▶ [Work to be completed]: State the number of lines with "percussion" in the listing, leaving out everything else.

▶ [Material for this exercise]:

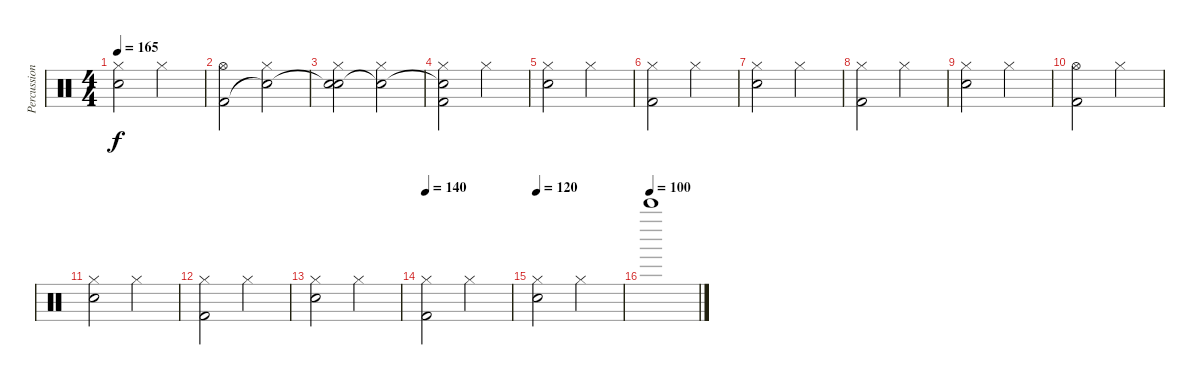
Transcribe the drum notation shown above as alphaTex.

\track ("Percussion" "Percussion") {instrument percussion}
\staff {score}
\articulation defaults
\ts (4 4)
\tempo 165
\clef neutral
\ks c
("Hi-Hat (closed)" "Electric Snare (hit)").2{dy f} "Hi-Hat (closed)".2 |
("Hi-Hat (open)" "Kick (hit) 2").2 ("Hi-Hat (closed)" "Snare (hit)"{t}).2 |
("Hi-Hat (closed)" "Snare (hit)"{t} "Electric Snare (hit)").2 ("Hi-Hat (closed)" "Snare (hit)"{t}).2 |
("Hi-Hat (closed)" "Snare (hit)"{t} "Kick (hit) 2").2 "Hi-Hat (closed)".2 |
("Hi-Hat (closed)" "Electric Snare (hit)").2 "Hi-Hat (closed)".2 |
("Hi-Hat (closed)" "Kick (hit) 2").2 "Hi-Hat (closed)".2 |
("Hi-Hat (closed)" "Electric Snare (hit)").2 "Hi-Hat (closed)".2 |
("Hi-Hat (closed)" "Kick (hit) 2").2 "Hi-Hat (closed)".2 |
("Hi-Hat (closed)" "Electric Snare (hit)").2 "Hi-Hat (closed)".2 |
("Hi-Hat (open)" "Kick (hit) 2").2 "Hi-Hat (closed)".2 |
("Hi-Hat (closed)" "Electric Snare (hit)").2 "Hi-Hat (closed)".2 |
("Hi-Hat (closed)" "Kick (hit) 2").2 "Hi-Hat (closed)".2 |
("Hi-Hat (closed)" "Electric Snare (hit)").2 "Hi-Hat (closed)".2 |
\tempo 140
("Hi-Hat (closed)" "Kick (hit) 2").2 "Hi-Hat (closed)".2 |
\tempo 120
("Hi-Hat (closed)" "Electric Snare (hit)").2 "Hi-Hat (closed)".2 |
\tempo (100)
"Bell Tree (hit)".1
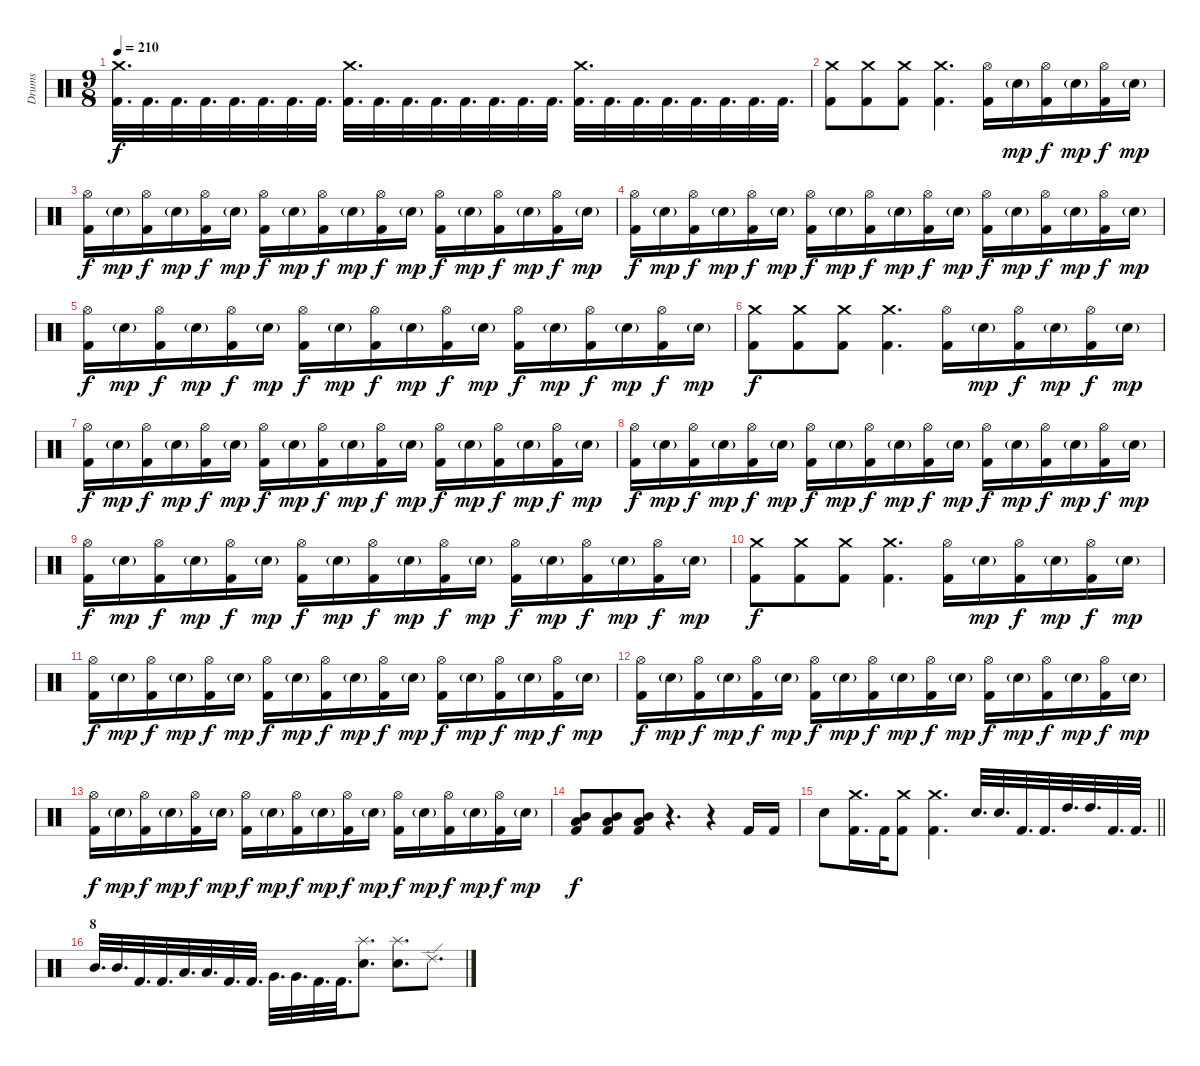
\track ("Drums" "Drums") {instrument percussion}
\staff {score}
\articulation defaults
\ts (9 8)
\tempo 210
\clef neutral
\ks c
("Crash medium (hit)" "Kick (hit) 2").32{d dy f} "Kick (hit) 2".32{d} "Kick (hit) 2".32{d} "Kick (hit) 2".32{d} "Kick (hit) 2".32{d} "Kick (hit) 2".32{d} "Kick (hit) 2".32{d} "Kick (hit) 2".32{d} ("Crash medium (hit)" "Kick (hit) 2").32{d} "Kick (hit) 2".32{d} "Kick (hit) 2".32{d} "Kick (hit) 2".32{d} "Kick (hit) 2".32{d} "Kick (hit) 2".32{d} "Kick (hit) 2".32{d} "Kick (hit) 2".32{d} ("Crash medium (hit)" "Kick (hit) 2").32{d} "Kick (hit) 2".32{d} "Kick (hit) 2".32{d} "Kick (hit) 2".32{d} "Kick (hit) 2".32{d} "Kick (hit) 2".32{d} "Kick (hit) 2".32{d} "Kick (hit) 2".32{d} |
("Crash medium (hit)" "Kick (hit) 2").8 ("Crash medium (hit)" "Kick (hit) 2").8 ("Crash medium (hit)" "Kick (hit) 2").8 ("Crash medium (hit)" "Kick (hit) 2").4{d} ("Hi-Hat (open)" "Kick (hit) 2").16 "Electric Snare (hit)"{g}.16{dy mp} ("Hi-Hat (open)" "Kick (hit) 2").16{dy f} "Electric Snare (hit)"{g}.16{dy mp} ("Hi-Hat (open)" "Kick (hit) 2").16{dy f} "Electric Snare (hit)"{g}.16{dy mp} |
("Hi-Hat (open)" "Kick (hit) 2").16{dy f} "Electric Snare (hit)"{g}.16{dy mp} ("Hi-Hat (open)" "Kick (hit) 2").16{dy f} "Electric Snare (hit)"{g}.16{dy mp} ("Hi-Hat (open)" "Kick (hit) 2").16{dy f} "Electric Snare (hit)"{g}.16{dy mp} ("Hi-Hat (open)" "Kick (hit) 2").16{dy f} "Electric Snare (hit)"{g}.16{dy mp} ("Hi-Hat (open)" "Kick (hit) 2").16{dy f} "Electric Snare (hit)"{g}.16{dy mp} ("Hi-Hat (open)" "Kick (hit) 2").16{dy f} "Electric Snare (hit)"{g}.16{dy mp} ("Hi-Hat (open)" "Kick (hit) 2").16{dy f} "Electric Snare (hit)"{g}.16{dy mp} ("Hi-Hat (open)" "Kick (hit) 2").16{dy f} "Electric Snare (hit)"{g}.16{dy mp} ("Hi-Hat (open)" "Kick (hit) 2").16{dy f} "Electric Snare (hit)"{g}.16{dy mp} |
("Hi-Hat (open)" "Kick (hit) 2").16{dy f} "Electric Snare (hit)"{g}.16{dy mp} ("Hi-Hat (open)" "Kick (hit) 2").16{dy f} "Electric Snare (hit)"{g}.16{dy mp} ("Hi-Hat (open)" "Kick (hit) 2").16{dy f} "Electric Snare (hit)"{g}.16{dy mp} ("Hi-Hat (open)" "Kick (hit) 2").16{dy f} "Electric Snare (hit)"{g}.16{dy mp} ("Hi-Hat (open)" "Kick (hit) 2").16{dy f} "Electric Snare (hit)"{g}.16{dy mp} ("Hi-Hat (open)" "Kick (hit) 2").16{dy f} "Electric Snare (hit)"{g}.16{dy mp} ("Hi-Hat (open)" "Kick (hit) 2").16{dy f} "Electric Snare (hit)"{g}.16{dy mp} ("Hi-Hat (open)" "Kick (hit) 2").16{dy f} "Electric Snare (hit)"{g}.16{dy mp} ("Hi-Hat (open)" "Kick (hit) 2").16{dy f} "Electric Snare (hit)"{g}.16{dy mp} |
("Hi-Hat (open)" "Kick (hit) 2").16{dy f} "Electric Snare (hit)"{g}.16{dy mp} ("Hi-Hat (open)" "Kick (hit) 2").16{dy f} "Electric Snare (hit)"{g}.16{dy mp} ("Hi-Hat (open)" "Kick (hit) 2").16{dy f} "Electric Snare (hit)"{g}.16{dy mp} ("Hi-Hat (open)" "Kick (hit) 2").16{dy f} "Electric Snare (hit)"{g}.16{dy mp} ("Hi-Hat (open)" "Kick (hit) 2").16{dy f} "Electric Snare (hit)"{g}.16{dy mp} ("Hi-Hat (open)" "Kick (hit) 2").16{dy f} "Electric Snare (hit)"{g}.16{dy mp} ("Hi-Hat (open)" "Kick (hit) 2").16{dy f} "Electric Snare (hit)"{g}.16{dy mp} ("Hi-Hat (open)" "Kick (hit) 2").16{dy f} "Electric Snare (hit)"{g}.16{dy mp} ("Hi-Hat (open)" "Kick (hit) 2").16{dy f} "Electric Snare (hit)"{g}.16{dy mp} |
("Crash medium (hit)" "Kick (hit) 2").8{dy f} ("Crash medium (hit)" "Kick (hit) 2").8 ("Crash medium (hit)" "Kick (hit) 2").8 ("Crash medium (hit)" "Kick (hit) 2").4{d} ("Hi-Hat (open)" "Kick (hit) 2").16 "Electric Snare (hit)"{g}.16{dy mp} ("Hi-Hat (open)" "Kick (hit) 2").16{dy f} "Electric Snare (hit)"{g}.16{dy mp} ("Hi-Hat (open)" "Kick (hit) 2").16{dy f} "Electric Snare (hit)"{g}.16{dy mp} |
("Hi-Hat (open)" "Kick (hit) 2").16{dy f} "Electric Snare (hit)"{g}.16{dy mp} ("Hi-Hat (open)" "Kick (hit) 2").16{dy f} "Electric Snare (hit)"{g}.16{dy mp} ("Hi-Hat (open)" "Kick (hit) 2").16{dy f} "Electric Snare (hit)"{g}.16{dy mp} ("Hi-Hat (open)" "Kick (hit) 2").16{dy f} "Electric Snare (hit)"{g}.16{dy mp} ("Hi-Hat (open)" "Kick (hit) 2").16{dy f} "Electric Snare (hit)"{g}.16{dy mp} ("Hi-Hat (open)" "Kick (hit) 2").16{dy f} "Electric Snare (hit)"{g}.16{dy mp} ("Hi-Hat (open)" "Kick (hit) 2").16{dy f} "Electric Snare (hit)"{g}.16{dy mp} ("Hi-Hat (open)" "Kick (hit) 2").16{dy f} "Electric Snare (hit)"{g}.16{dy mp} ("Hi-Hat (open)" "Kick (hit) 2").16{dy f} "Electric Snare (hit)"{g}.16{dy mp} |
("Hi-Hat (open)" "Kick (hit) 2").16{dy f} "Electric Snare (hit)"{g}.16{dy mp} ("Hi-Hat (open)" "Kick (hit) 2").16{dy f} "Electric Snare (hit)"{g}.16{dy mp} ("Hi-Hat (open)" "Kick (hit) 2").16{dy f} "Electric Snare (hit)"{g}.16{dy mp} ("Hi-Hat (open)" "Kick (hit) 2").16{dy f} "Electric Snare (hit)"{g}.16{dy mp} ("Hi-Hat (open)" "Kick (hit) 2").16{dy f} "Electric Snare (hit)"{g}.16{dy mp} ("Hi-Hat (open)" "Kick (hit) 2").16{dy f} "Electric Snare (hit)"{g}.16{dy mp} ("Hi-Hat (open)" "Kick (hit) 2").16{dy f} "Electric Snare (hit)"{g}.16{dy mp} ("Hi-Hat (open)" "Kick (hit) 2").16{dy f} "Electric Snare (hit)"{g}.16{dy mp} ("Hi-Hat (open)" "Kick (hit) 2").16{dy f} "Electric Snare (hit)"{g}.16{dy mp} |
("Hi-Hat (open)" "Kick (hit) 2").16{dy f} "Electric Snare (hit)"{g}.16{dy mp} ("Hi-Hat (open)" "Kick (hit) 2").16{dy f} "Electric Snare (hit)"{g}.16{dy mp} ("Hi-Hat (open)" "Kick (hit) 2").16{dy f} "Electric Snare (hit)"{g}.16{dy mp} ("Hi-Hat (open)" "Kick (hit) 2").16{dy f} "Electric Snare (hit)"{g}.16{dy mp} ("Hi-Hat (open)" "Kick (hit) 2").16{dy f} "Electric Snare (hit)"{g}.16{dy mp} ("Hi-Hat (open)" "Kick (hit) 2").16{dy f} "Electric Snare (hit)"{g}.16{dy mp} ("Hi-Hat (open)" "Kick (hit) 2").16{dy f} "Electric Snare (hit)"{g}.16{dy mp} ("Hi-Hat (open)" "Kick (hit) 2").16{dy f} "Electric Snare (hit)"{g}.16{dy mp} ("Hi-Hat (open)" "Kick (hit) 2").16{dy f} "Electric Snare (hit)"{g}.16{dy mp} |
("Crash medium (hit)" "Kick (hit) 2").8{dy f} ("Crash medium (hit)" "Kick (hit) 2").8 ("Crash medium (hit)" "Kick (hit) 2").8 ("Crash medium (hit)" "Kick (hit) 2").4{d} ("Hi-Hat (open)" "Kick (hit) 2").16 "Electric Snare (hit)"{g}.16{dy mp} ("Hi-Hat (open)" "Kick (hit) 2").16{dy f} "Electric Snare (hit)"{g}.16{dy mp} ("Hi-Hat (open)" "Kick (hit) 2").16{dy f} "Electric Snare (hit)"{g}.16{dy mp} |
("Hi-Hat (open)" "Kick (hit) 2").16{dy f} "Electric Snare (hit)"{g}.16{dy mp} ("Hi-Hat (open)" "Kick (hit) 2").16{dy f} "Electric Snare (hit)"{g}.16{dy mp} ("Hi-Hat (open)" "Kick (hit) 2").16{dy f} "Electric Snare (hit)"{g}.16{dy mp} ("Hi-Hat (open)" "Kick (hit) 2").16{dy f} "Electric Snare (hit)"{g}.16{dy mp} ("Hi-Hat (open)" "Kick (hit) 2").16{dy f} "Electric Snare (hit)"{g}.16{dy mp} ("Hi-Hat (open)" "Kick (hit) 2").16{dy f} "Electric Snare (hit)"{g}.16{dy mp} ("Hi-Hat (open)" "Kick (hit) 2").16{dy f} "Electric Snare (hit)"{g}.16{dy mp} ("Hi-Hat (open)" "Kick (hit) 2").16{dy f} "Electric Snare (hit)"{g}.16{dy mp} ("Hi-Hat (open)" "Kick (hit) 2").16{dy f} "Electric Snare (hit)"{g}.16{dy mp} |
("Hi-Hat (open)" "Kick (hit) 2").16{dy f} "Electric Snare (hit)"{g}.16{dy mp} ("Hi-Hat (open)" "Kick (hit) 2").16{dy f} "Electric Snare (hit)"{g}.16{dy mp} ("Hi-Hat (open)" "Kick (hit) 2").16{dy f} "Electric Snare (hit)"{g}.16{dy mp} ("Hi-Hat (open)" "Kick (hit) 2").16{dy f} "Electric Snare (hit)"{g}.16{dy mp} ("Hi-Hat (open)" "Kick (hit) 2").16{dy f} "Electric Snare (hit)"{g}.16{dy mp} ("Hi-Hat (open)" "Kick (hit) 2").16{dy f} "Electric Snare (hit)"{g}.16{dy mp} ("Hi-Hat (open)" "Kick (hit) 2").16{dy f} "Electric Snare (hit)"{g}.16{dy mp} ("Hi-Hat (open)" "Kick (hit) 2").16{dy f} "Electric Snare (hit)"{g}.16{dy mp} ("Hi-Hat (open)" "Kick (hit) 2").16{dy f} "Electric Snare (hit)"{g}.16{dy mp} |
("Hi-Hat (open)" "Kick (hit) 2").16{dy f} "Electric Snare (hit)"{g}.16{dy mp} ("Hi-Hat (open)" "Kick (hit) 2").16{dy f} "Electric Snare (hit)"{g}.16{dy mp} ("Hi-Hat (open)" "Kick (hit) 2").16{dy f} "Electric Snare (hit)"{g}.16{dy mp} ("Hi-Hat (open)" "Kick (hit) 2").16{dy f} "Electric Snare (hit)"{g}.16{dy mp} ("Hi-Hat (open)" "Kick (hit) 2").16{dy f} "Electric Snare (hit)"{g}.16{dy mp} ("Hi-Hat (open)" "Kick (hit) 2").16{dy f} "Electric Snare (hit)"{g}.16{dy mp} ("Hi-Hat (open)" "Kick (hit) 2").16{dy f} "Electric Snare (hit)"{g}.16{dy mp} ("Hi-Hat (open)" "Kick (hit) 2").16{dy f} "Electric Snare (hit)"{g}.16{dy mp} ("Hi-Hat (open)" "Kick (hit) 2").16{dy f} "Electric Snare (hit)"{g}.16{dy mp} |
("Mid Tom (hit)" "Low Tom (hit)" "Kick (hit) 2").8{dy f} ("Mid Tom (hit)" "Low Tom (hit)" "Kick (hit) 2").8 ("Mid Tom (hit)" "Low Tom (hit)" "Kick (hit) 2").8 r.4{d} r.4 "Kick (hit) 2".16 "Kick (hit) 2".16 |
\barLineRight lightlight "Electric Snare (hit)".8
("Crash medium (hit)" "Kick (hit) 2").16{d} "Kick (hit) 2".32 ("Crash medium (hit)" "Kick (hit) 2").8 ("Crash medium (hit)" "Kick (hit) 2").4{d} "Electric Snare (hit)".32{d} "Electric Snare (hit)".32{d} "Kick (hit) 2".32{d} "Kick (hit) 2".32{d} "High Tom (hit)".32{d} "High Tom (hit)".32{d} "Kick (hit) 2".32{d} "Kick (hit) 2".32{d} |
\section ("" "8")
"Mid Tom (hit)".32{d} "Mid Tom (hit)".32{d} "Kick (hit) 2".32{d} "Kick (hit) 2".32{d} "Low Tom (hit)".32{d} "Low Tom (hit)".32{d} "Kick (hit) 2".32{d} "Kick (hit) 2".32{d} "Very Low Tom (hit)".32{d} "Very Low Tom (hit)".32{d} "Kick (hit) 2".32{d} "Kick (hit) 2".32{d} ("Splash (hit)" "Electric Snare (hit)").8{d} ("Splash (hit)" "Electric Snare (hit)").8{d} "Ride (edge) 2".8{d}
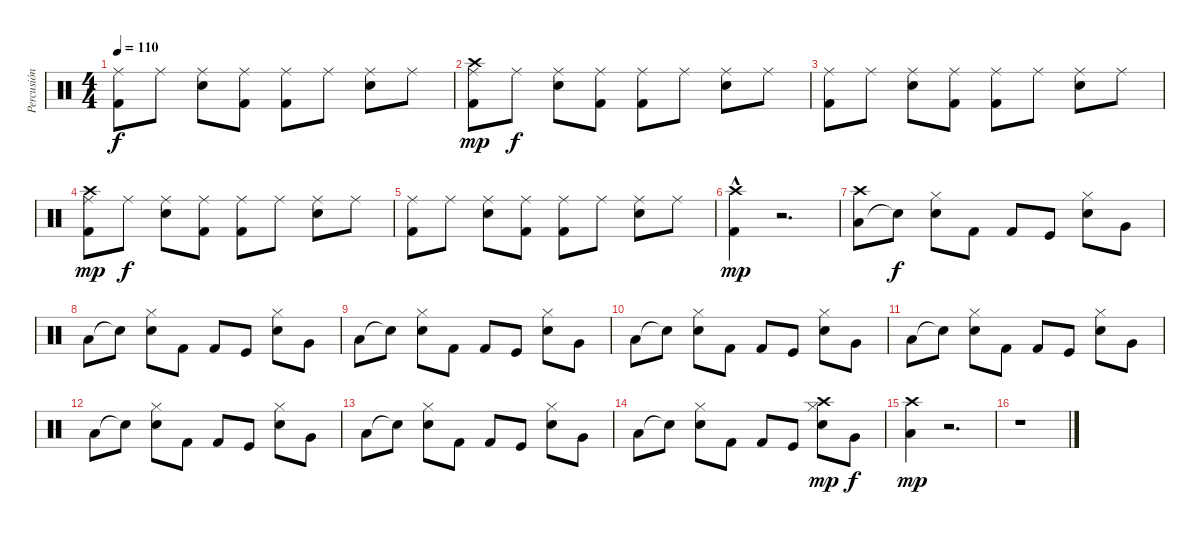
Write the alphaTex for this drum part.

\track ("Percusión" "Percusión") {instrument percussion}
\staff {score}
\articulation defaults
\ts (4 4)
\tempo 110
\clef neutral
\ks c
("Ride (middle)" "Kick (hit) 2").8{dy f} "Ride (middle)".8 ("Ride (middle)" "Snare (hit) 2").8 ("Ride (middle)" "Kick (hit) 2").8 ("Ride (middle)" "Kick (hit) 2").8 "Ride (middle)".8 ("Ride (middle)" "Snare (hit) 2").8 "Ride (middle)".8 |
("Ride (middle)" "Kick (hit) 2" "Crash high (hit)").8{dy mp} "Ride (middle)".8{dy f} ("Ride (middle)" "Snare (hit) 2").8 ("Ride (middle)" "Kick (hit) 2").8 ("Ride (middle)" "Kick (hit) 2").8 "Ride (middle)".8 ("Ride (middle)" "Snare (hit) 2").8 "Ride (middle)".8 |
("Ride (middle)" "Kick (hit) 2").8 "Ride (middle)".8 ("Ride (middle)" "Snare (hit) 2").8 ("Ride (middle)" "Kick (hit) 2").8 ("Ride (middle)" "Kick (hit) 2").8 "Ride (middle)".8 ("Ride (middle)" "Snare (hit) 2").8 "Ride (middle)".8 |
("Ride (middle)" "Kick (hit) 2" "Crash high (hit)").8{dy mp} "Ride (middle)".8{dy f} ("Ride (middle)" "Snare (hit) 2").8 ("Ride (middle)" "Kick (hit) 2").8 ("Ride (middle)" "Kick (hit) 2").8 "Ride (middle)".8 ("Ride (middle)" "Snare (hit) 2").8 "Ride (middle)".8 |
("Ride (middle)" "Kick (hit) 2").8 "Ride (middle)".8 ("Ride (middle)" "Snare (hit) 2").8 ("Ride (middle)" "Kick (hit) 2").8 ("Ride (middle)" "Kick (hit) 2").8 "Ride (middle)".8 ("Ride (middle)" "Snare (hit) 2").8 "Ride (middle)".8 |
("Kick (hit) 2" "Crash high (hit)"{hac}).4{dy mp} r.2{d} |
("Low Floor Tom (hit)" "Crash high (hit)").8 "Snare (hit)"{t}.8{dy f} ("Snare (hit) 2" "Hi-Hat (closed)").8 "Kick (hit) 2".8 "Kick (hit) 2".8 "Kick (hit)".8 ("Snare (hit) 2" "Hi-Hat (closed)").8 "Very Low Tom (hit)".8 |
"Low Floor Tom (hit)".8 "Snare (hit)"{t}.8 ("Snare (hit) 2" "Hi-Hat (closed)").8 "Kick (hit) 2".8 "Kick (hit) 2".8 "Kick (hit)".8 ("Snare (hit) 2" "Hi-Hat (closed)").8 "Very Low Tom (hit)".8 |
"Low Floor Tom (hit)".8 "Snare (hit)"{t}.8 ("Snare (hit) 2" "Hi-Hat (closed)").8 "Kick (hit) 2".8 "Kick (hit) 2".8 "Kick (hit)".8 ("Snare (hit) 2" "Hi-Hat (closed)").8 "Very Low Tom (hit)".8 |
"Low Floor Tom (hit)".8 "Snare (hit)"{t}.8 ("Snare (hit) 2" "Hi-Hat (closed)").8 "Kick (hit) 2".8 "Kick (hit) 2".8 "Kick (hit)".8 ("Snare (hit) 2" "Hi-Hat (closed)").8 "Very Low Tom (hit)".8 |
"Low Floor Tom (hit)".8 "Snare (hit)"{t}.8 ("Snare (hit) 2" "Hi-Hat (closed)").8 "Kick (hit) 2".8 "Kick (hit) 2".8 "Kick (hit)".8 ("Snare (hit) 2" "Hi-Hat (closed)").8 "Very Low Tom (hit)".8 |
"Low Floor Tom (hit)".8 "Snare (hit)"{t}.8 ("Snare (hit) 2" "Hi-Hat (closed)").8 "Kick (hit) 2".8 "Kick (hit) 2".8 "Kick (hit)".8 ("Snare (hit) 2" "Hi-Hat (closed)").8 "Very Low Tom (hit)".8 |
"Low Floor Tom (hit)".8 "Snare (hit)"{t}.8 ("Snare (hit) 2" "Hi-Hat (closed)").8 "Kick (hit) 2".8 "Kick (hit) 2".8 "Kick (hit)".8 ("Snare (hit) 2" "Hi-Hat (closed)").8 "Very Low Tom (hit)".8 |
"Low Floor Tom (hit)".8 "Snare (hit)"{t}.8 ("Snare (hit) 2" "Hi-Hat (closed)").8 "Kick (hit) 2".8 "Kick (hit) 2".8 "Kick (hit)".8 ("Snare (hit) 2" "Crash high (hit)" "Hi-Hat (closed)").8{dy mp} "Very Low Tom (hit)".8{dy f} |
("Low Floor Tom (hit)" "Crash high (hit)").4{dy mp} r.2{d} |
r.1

▶ [Exercise solution]: 3